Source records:
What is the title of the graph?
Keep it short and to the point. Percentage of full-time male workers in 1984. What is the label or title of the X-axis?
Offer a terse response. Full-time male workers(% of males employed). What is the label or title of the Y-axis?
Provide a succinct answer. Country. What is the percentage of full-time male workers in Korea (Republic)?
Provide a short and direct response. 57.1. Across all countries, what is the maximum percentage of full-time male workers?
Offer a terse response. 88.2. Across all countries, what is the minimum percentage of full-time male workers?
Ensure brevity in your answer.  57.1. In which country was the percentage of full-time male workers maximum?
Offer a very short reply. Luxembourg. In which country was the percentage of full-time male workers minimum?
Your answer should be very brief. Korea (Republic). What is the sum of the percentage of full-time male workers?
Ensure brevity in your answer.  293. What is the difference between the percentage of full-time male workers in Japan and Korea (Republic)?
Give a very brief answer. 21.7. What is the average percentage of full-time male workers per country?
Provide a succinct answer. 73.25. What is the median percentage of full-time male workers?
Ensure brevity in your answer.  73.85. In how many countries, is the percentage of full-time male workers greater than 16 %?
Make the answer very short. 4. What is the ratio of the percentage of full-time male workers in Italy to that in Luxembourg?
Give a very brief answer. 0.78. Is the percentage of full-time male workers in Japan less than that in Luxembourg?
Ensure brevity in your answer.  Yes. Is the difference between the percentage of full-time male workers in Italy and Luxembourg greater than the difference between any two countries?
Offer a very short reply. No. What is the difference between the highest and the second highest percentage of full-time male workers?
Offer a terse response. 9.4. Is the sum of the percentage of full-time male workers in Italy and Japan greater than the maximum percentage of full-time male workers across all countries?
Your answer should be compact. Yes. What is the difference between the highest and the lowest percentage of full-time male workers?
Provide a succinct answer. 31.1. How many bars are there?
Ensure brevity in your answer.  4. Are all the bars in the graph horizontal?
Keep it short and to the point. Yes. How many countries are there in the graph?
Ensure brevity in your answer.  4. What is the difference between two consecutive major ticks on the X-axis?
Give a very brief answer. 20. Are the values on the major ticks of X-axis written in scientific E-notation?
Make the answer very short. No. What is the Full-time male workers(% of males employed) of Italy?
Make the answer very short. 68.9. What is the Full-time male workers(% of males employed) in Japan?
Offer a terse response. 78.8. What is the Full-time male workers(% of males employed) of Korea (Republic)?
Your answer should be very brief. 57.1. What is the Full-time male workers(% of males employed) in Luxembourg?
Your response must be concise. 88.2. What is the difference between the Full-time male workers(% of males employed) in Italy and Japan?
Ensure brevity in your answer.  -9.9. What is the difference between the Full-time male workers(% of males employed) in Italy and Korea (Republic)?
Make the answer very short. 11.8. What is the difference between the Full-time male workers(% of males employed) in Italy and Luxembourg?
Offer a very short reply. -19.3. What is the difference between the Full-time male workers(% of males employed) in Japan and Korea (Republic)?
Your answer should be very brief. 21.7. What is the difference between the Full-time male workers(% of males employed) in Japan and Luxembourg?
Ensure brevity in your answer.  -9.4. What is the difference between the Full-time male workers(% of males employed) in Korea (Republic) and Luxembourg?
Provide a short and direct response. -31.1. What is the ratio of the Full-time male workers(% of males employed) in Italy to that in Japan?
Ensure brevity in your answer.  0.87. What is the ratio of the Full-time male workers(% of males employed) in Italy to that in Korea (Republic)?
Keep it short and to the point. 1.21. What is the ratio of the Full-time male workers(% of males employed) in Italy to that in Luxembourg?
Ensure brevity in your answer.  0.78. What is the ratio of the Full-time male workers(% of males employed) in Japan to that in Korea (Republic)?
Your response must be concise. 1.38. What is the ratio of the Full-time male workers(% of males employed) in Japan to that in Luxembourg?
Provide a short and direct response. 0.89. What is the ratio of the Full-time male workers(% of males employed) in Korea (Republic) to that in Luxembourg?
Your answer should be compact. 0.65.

_Exercise instructions_: The records above need to be output again, verbatim.

_Answer for the task_:
What is the title of the graph?
Keep it short and to the point. Percentage of full-time male workers in 1984. What is the label or title of the X-axis?
Offer a terse response. Full-time male workers(% of males employed). What is the label or title of the Y-axis?
Provide a succinct answer. Country. What is the percentage of full-time male workers in Korea (Republic)?
Provide a short and direct response. 57.1. Across all countries, what is the maximum percentage of full-time male workers?
Offer a terse response. 88.2. Across all countries, what is the minimum percentage of full-time male workers?
Ensure brevity in your answer.  57.1. In which country was the percentage of full-time male workers maximum?
Offer a very short reply. Luxembourg. In which country was the percentage of full-time male workers minimum?
Your answer should be very brief. Korea (Republic). What is the sum of the percentage of full-time male workers?
Ensure brevity in your answer.  293. What is the difference between the percentage of full-time male workers in Japan and Korea (Republic)?
Give a very brief answer. 21.7. What is the average percentage of full-time male workers per country?
Provide a succinct answer. 73.25. What is the median percentage of full-time male workers?
Ensure brevity in your answer.  73.85. In how many countries, is the percentage of full-time male workers greater than 16 %?
Make the answer very short. 4. What is the ratio of the percentage of full-time male workers in Italy to that in Luxembourg?
Give a very brief answer. 0.78. Is the percentage of full-time male workers in Japan less than that in Luxembourg?
Ensure brevity in your answer.  Yes. Is the difference between the percentage of full-time male workers in Italy and Luxembourg greater than the difference between any two countries?
Offer a very short reply. No. What is the difference between the highest and the second highest percentage of full-time male workers?
Offer a terse response. 9.4. Is the sum of the percentage of full-time male workers in Italy and Japan greater than the maximum percentage of full-time male workers across all countries?
Your answer should be compact. Yes. What is the difference between the highest and the lowest percentage of full-time male workers?
Provide a succinct answer. 31.1. How many bars are there?
Ensure brevity in your answer.  4. Are all the bars in the graph horizontal?
Keep it short and to the point. Yes. How many countries are there in the graph?
Ensure brevity in your answer.  4. What is the difference between two consecutive major ticks on the X-axis?
Give a very brief answer. 20. Are the values on the major ticks of X-axis written in scientific E-notation?
Make the answer very short. No. What is the Full-time male workers(% of males employed) of Italy?
Make the answer very short. 68.9. What is the Full-time male workers(% of males employed) in Japan?
Offer a terse response. 78.8. What is the Full-time male workers(% of males employed) of Korea (Republic)?
Your answer should be very brief. 57.1. What is the Full-time male workers(% of males employed) in Luxembourg?
Your response must be concise. 88.2. What is the difference between the Full-time male workers(% of males employed) in Italy and Japan?
Ensure brevity in your answer.  -9.9. What is the difference between the Full-time male workers(% of males employed) in Italy and Korea (Republic)?
Make the answer very short. 11.8. What is the difference between the Full-time male workers(% of males employed) in Italy and Luxembourg?
Offer a very short reply. -19.3. What is the difference between the Full-time male workers(% of males employed) in Japan and Korea (Republic)?
Your answer should be very brief. 21.7. What is the difference between the Full-time male workers(% of males employed) in Japan and Luxembourg?
Ensure brevity in your answer.  -9.4. What is the difference between the Full-time male workers(% of males employed) in Korea (Republic) and Luxembourg?
Provide a short and direct response. -31.1. What is the ratio of the Full-time male workers(% of males employed) in Italy to that in Japan?
Ensure brevity in your answer.  0.87. What is the ratio of the Full-time male workers(% of males employed) in Italy to that in Korea (Republic)?
Keep it short and to the point. 1.21. What is the ratio of the Full-time male workers(% of males employed) in Italy to that in Luxembourg?
Ensure brevity in your answer.  0.78. What is the ratio of the Full-time male workers(% of males employed) in Japan to that in Korea (Republic)?
Your response must be concise. 1.38. What is the ratio of the Full-time male workers(% of males employed) in Japan to that in Luxembourg?
Provide a short and direct response. 0.89. What is the ratio of the Full-time male workers(% of males employed) in Korea (Republic) to that in Luxembourg?
Your answer should be compact. 0.65.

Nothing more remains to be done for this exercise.